System of two simple modular equations $$x \equiv -7 \mod 13$$
$$x \equiv 39 \mod 15$$
I need to find the smallest x for which these equations can be solved. I've been always doing this using Chinese Reminder Theorem, but it seems that it doesn't work here, I'm not sure why though. Let's see:
$N = 13*15 = 195$
$N_{1} = \frac{195}{13} = 13$
$N_{2} = \frac{195}{15} = 15$

$GCD(13, 13) = 1*13 + 0*13$
$GCD(15,15) = 1*15 + 0*15$
$$x = 1 * (-7) * 13 + 1 * 39 * 15 = 480$$

The answer however is supposed to be $x = 84$...What's wrong?
 A: The way I usually go about these is to solve the two systems
$$
\mbox{$\begin{align}
x_{13}&\equiv1\pmod{13}\\
x_{13}&\equiv0\pmod{15}
\end{align}$}
\qquad\text{and}\qquad
\begin{align}
x_{15}&\equiv0\pmod{13}\\
x_{15}&\equiv1\pmod{15}
\end{align}
$$
Then combine these to get the solution to the equation given.
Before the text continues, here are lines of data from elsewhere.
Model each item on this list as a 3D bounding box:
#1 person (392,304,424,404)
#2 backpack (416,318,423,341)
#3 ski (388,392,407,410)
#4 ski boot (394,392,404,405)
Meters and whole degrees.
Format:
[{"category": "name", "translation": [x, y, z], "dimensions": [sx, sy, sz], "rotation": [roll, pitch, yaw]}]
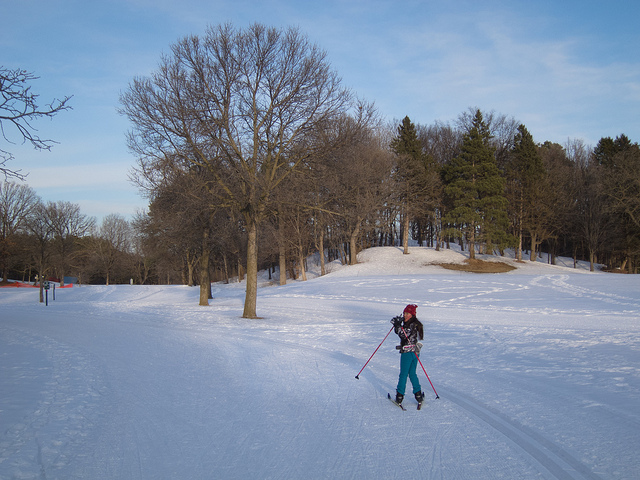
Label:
[{"category": "person", "translation": [2.153, 2.784, 13.799], "dimensions": [0.738, 2.346, 0.876], "rotation": [-1, 2, 10]}, {"category": "backpack", "translation": [2.435, 2.163, 13.667], "dimensions": [0.107, 0.371, 0.269], "rotation": [-8, -15, -1]}, {"category": "ski", "translation": [1.839, 3.919, 13.685], "dimensions": [0.128, 0.129, 0.880], "rotation": [-15, 25, -19]}, {"category": "ski boot", "translation": [1.900, 3.800, 13.569], "dimensions": [0.211, 0.312, 0.276], "rotation": [-1, 2, 7]}]
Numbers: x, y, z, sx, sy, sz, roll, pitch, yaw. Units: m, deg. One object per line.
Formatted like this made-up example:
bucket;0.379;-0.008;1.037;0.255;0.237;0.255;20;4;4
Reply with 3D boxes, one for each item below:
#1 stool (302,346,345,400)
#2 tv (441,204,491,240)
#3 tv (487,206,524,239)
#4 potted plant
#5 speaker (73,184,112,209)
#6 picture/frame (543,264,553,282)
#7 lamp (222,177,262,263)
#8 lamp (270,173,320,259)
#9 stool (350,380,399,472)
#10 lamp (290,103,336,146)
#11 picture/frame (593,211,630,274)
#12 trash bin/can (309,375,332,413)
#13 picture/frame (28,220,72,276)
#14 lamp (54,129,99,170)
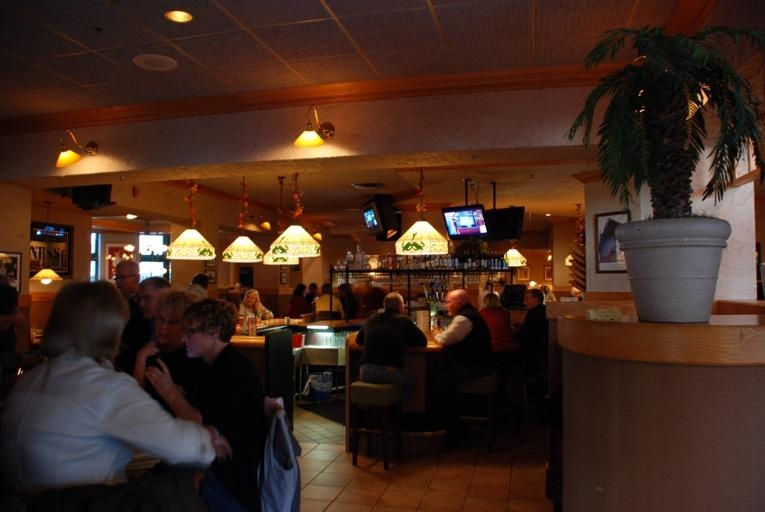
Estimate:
stool;-0.829;1.687;8.716;0.566;0.618;0.937;0;-12;8
tv;1.608;-0.637;10.323;0.839;0.645;0.462;-1;20;42
tv;2.211;-0.603;10.641;0.678;0.551;0.355;-1;1;44
potted plant;1.779;-0.557;3.592;1.324;1.786;0.963;-1;5;2
speaker;-4.027;-0.838;8.192;0.656;0.333;0.582;5;8;34
picture/frame;5.336;0.508;19.002;0.055;0.655;0.600;1;-4;-27
lamp;-2.042;-0.660;8.752;0.593;1.368;0.633;-2;6;-24
lamp;-1.150;-0.640;7.969;0.663;1.190;0.643;2;-7;-19
stool;-0.095;1.712;6.197;0.559;0.827;0.713;0;5;11
lamp;-0.681;-1.407;6.268;0.447;0.451;0.476;13;19;43
picture/frame;3.287;-0.201;8.435;0.041;0.878;0.676;0;-3;-26
trash bin/can;-0.880;1.896;8.347;0.373;0.454;0.426;-3;-4;24
picture/frame;-6.390;-0.111;11.354;1.516;1.174;0.115;2;1;24
lamp;-3.615;-1.257;6.859;0.603;0.454;0.261;1;6;20
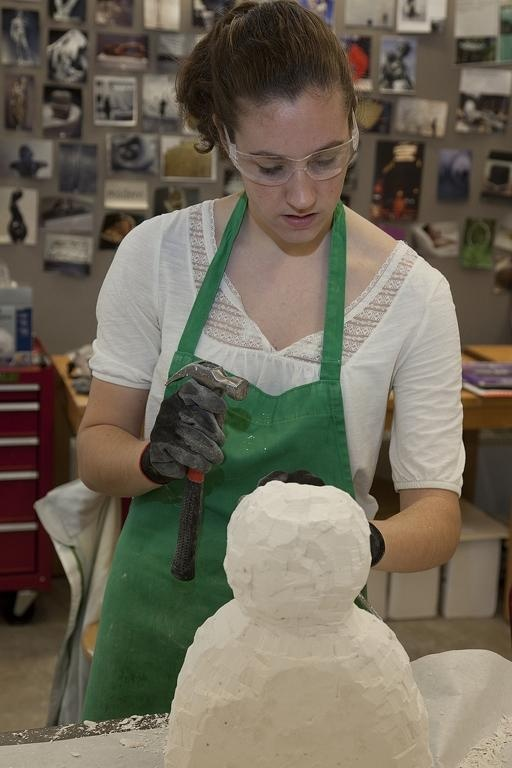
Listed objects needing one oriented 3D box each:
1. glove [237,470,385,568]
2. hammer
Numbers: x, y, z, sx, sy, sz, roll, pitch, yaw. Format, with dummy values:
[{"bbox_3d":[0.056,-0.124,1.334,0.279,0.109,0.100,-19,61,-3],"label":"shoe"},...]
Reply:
[{"bbox_3d":[0.037,0.160,0.884,0.215,0.122,0.128,-6,15,-31],"label":"glove"},{"bbox_3d":[-0.074,0.122,0.931,0.043,0.304,0.137,-3,18,-38],"label":"hammer"}]
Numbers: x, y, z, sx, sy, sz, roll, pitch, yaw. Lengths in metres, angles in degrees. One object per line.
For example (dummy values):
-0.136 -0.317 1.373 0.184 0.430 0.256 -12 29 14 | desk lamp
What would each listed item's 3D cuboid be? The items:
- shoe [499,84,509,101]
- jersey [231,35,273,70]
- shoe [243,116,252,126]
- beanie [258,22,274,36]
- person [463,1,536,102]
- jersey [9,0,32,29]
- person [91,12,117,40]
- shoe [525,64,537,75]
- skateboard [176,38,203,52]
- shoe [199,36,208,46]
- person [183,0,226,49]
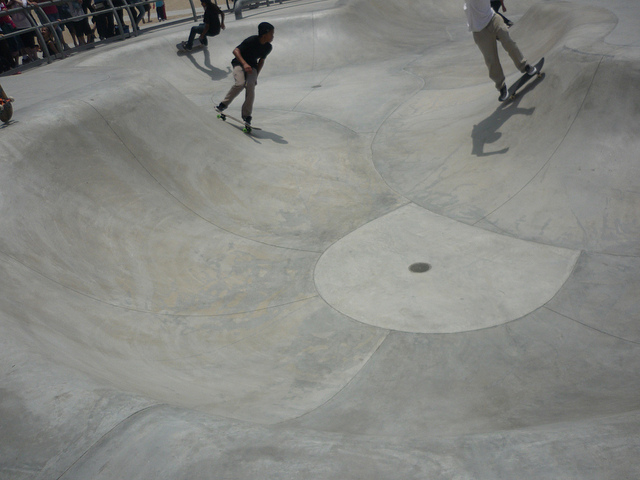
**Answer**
3.080 -2.457 10.178 0.090 0.122 0.314 1 80 17 | shoe
-1.274 -3.474 11.227 0.692 0.576 0.257 -37 45 21 | jersey
-1.418 -2.298 11.693 0.111 0.148 0.144 -4 22 -5 | shoe
-1.022 -3.811 10.933 0.269 0.252 0.442 -12 34 -3 | beanie
2.890 -3.020 9.905 0.987 1.764 0.379 -1 34 14 | person
-7.409 -5.519 14.967 0.460 0.667 0.693 -26 37 -23 | jersey
-6.482 -6.426 18.169 0.241 1.012 1.003 3 17 11 | person
3.482 -2.786 9.962 0.127 0.141 0.243 -27 37 -25 | shoe
-3.693 -5.416 16.860 0.726 0.191 0.107 -29 -8 -12 | skateboard
-3.313 -5.611 17.079 0.208 0.326 0.429 -14 34 -6 | shoe
-3.146 -5.911 16.507 1.067 1.343 0.913 9 38 26 | person
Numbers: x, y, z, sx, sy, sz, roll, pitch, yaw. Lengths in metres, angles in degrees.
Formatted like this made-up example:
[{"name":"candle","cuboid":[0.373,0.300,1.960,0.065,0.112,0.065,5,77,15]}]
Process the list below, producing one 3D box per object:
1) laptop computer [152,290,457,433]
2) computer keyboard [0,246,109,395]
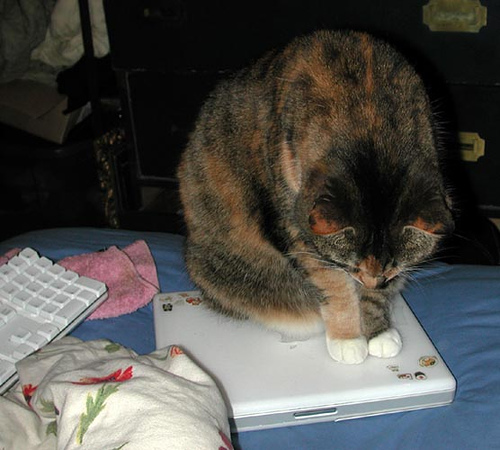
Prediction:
[{"name":"laptop computer","cuboid":[0.060,0.184,0.828,0.455,0.079,0.285,-4,43,-5]},{"name":"computer keyboard","cuboid":[-0.373,0.128,0.819,0.191,0.033,0.191,23,47,22]}]
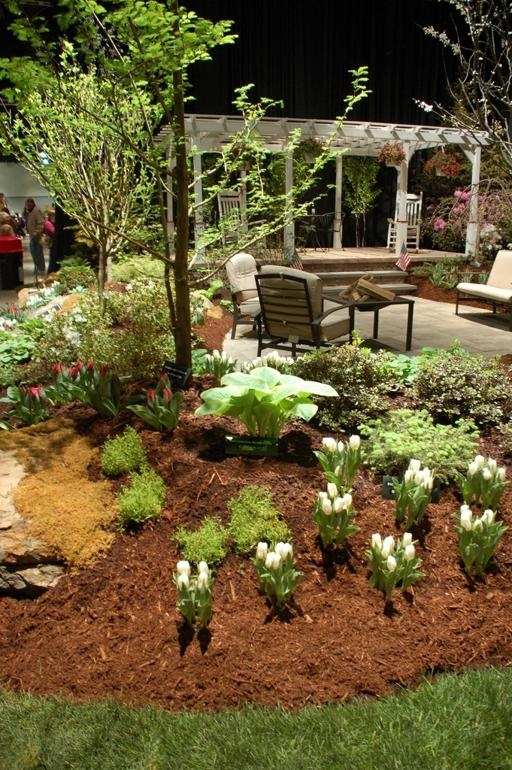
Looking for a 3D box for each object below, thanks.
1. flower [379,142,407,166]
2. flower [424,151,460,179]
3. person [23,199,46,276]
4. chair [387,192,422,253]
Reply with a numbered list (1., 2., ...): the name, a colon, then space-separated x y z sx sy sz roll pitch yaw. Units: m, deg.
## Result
1. flower: 3.126 -5.335 12.700 0.599 0.513 0.797 2 19 13
2. flower: 5.271 -6.295 15.663 0.969 0.739 1.597 3 20 16
3. person: -4.935 -3.250 12.343 0.429 1.783 1.186 -10 20 -20
4. chair: 3.976 -4.348 14.751 0.824 1.453 2.033 3 20 16
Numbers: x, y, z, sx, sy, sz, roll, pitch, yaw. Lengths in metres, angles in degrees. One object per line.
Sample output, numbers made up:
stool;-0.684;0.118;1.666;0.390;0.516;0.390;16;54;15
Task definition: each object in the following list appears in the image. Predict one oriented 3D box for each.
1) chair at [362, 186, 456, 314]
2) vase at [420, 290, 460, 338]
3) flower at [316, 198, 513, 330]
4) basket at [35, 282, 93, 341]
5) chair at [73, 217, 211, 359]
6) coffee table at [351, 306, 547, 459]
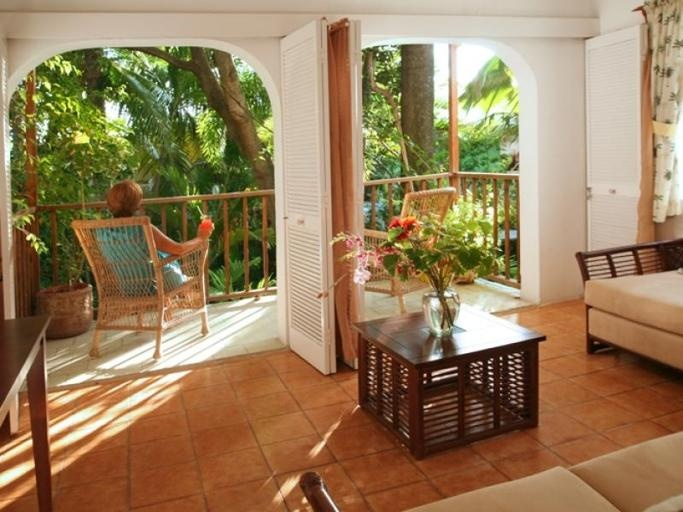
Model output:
chair;0.571;-0.071;5.145;0.961;1.125;0.995;2;8;20
vase;0.599;0.342;3.164;0.242;0.271;0.236;1;2;-23
flower;0.461;0.104;3.190;1.029;0.774;0.770;-7;1;39
basket;-2.412;0.488;4.552;0.469;0.427;0.470;-1;6;-28
chair;-1.733;0.203;4.588;0.807;1.130;0.934;1;8;19
coffee table;0.551;0.585;3.234;0.827;0.515;0.825;-6;11;-24
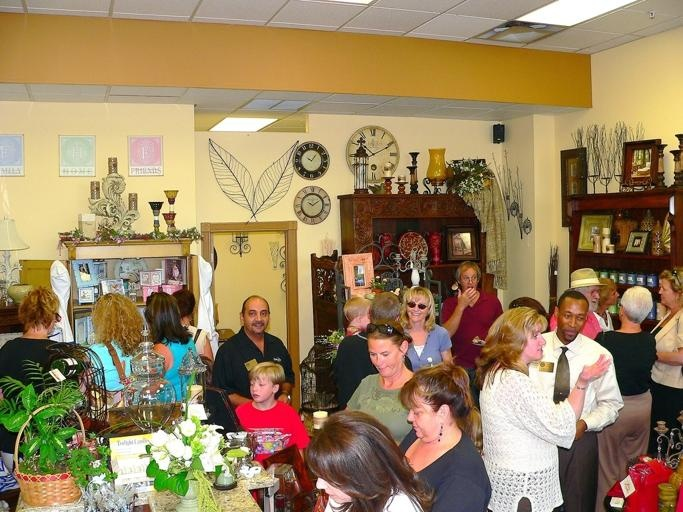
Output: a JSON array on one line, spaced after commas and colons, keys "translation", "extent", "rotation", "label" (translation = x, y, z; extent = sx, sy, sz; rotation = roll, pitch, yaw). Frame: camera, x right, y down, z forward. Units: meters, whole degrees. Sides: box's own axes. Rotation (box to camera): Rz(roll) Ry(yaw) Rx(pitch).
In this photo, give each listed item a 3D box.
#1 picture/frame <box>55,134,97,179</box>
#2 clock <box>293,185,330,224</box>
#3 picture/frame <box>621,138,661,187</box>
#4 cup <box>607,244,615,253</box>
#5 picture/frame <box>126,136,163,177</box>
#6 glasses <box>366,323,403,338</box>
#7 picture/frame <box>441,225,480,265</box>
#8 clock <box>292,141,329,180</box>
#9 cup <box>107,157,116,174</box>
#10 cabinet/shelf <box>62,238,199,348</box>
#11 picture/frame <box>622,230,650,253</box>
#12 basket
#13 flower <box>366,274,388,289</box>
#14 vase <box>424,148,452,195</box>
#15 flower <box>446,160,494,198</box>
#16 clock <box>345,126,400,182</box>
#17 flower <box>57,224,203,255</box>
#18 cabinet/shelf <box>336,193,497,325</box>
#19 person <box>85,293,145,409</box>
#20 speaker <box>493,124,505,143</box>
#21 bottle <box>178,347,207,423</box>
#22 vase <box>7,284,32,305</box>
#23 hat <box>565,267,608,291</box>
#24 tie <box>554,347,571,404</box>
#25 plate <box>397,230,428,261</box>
[{"translation": [-2.990, -1.123, 5.953], "extent": [0.454, 0.512, 0.017], "rotation": [-1, 2, -15], "label": "picture/frame"}, {"translation": [-0.448, -0.754, 7.577], "extent": [0.497, 0.533, 0.055], "rotation": [3, -3, -20], "label": "clock"}, {"translation": [3.584, -1.108, 6.348], "extent": [0.108, 0.716, 0.579], "rotation": [9, -6, -24], "label": "picture/frame"}, {"translation": [3.347, -0.093, 6.619], "extent": [0.090, 0.110, 0.092], "rotation": [0, 3, 0], "label": "cup"}, {"translation": [-2.290, -1.154, 6.135], "extent": [0.426, 0.497, 0.049], "rotation": [-3, 5, -13], "label": "picture/frame"}, {"translation": [0.259, 0.445, 3.304], "extent": [0.241, 0.097, 0.201], "rotation": [-2, 4, 15], "label": "glasses"}, {"translation": [1.717, -0.164, 7.779], "extent": [0.516, 0.556, 0.053], "rotation": [3, -9, -27], "label": "picture/frame"}, {"translation": [-0.464, -1.370, 7.537], "extent": [0.512, 0.554, 0.050], "rotation": [0, 3, -13], "label": "clock"}, {"translation": [-2.531, -1.003, 5.887], "extent": [0.106, 0.211, 0.337], "rotation": [-4, 4, -22], "label": "cup"}, {"translation": [-2.023, 0.404, 5.663], "extent": [0.942, 0.999, 0.343], "rotation": [-12, 5, -7], "label": "cabinet/shelf"}, {"translation": [3.552, -0.174, 6.395], "extent": [0.026, 0.264, 0.249], "rotation": [17, -11, -25], "label": "picture/frame"}, {"translation": [-1.431, 0.936, 2.608], "extent": [0.294, 0.505, 0.309], "rotation": [-5, 4, -35], "label": "basket"}, {"translation": [0.446, 0.293, 6.324], "extent": [0.148, 0.112, 0.157], "rotation": [-2, 4, -22], "label": "flower"}, {"translation": [1.399, -1.286, 7.739], "extent": [0.298, 0.561, 0.313], "rotation": [1, -1, 5], "label": "vase"}, {"translation": [1.836, -1.112, 7.634], "extent": [0.642, 0.516, 0.280], "rotation": [-2, 3, 13], "label": "flower"}, {"translation": [0.403, -1.476, 7.682], "extent": [0.800, 0.861, 0.078], "rotation": [0, -1, -18], "label": "clock"}, {"translation": [-2.184, -0.188, 5.542], "extent": [1.384, 0.259, 0.289], "rotation": [-4, 4, -12], "label": "flower"}, {"translation": [1.132, -0.088, 7.796], "extent": [1.945, 1.964, 0.626], "rotation": [-9, 19, -3], "label": "cabinet/shelf"}, {"translation": [-1.595, 0.674, 3.978], "extent": [0.338, 0.823, 0.489], "rotation": [0, -5, -12], "label": "person"}, {"translation": [2.411, -1.879, 8.172], "extent": [0.185, 0.302, 0.117], "rotation": [-3, 3, -14], "label": "speaker"}, {"translation": [-0.904, 0.756, 3.231], "extent": [0.193, 0.436, 0.185], "rotation": [1, 10, 0], "label": "bottle"}, {"translation": [-3.163, 0.369, 5.224], "extent": [0.281, 0.199, 0.258], "rotation": [0, 0, -43], "label": "vase"}, {"translation": [2.138, 0.231, 4.769], "extent": [0.220, 0.106, 0.266], "rotation": [-4, -8, -12], "label": "hat"}, {"translation": [1.477, 0.785, 3.573], "extent": [0.136, 0.348, 0.071], "rotation": [-4, 3, -28], "label": "tie"}, {"translation": [1.010, -0.166, 7.564], "extent": [0.595, 0.373, 0.309], "rotation": [-6, 5, -39], "label": "plate"}]

These can both be solved at once using the Euclid-Wallis Algorithm:
$$
\begin{array}{r}
&&1&6&2\\\hline
1&0&1&-6&13\\
0&1&-1&7&-15\\
15&13&2&1&0\\
\end{array}
$$
This says that $(-6)15+(7)13=1$ which immediately gives $x_{13}\equiv(-6)15\pmod{195}$ and $x_{15}\equiv(7)13\pmod{195}$. The solution to the original question is
$$
\begin{align}
x
&\equiv-7x_{13}+39x_{15}\\
&\equiv84\pmod{195}
\end{align}
$$
Caveat: in the case of two equations as above, this only requires one application of the Euclidean algorithm. However, in the case of three or more equations, we need to apply the Euclidean algorithm once per modulus. For example, to solve
$$
\begin{align}
x&\equiv 1\pmod{3}\\
x&\equiv 2\pmod{5}\\
x&\equiv 4\pmod{7}
\end{align}
$$
we would need to solve each of
$$
\mbox{$\begin{align}
x_3&\equiv1\pmod{3}\\
x_3&\equiv0\pmod{35}
\end{align}$}
\quad\text{and}\quad
\mbox{$\begin{align}
x_5&\equiv1\pmod{5}\\
x_5&\equiv0\pmod{21}
\end{align}$}
\quad\text{and}\quad
\begin{align}
x_7&\equiv1\pmod{7}\\
x_7&\equiv0\pmod{15}
\end{align}
$$
using the Euclid-Wallis Algorithm.
A: First, you can check your answer by taking it mod $13$ and $15$ (it's not right).  Second, there are several formulas for applying the CRT; however the method you're using doesn't agree with any of them.  It's difficult to find the place where your method differs from the one you were given, without knowing the latter.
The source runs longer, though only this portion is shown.